REQUIRED ACTION
Go through the material line by line and copy each one with the word "left".

MATERIAL FOR THIS EXERCISE

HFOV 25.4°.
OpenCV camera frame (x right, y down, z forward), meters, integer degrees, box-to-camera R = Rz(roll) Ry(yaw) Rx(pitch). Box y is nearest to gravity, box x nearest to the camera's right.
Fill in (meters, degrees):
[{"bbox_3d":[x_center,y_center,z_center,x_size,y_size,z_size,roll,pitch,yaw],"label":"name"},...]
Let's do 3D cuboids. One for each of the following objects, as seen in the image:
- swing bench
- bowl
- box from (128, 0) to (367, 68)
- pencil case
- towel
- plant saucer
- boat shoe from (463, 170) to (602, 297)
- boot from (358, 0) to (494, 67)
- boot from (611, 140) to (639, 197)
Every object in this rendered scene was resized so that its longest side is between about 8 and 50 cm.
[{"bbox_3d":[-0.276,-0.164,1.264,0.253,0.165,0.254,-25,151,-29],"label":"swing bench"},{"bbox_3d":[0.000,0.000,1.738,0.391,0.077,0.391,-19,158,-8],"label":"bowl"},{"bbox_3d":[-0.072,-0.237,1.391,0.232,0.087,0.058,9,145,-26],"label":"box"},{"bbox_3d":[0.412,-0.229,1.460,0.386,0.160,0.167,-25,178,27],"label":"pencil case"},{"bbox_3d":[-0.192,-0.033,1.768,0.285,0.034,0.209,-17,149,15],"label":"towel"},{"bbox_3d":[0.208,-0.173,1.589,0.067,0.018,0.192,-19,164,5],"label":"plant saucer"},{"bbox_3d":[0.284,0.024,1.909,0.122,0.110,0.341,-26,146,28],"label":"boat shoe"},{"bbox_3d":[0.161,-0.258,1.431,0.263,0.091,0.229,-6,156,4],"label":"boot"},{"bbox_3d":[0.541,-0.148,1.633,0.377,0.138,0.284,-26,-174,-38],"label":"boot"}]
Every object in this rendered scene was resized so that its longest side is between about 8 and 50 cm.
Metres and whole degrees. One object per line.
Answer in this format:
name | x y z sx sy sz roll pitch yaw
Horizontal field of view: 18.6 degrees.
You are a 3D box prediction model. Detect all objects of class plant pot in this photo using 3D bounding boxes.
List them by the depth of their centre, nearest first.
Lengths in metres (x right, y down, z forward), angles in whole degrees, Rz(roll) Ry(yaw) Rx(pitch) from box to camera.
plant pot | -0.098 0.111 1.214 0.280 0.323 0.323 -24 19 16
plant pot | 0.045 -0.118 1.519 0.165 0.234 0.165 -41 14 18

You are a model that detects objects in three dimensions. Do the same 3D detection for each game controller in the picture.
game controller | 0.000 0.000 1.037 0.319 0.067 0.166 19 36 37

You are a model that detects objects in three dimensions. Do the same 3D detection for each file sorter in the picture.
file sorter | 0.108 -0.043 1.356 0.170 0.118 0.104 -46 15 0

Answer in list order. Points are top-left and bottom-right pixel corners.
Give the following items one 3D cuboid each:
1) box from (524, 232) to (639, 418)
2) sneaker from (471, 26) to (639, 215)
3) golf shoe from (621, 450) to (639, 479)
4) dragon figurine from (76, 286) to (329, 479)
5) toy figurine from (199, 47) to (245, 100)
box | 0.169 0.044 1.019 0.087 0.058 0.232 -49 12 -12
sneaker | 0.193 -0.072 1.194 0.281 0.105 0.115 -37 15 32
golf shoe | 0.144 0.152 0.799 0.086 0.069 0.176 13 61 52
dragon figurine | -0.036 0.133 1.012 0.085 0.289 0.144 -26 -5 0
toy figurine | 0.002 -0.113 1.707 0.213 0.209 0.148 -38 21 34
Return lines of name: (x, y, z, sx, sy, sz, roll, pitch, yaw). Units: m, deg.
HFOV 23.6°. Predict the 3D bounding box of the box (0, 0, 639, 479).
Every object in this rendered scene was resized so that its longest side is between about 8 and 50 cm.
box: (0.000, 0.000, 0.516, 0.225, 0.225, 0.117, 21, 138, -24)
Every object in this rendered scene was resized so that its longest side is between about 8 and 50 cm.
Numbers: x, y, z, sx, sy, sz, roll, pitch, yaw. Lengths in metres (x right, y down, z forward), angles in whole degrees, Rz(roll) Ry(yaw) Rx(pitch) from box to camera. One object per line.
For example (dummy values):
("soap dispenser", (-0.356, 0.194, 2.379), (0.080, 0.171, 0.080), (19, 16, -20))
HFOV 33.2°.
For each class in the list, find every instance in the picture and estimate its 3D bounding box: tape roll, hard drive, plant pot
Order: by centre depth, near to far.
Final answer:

---

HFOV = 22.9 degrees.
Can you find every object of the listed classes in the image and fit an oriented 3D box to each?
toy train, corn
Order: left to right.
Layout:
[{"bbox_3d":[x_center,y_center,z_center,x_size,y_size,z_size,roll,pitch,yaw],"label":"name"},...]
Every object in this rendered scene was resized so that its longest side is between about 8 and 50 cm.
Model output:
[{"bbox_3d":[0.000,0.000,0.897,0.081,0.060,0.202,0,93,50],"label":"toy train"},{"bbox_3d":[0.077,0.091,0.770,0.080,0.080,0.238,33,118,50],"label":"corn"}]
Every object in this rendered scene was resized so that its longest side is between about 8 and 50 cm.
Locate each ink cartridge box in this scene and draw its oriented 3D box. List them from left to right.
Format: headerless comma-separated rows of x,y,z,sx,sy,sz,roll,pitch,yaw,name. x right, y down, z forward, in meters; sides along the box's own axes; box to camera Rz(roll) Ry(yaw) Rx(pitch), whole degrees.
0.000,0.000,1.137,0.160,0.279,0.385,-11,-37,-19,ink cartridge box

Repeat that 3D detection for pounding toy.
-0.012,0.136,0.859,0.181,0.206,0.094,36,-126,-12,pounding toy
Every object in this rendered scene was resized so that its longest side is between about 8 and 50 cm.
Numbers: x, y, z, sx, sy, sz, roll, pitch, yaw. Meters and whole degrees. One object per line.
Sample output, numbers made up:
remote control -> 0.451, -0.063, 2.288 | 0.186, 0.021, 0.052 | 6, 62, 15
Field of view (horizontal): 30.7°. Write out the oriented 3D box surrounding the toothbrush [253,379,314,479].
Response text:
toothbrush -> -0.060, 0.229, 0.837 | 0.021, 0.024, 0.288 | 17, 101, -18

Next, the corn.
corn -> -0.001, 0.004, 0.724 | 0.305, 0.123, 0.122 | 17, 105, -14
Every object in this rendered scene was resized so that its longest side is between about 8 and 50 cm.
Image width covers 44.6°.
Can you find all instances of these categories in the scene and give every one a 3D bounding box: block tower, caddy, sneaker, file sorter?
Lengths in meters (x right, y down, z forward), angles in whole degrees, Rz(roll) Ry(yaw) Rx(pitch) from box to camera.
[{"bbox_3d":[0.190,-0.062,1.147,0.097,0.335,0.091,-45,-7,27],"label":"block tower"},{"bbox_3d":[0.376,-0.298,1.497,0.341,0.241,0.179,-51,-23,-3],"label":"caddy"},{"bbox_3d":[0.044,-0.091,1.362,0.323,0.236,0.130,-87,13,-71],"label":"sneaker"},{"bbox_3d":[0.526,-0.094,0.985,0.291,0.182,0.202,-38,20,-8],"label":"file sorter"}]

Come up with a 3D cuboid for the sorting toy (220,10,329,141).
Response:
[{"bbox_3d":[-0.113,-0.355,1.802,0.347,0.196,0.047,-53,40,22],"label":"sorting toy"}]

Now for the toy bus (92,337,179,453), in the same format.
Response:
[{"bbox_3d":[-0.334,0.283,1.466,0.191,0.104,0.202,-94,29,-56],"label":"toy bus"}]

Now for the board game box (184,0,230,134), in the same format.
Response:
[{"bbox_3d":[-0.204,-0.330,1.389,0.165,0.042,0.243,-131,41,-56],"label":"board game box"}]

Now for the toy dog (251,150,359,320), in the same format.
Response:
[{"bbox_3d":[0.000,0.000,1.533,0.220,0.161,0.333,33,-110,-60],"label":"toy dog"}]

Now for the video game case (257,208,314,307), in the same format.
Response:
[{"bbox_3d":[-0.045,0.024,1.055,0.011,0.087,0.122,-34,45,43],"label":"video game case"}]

ANSWER AREA
Answer in list order. Points are top-left and bottom-right pixel corners.
Order: left to right.
Locate each ink cartridge box in this scene and draw its oriented 3D box. List them from left to right.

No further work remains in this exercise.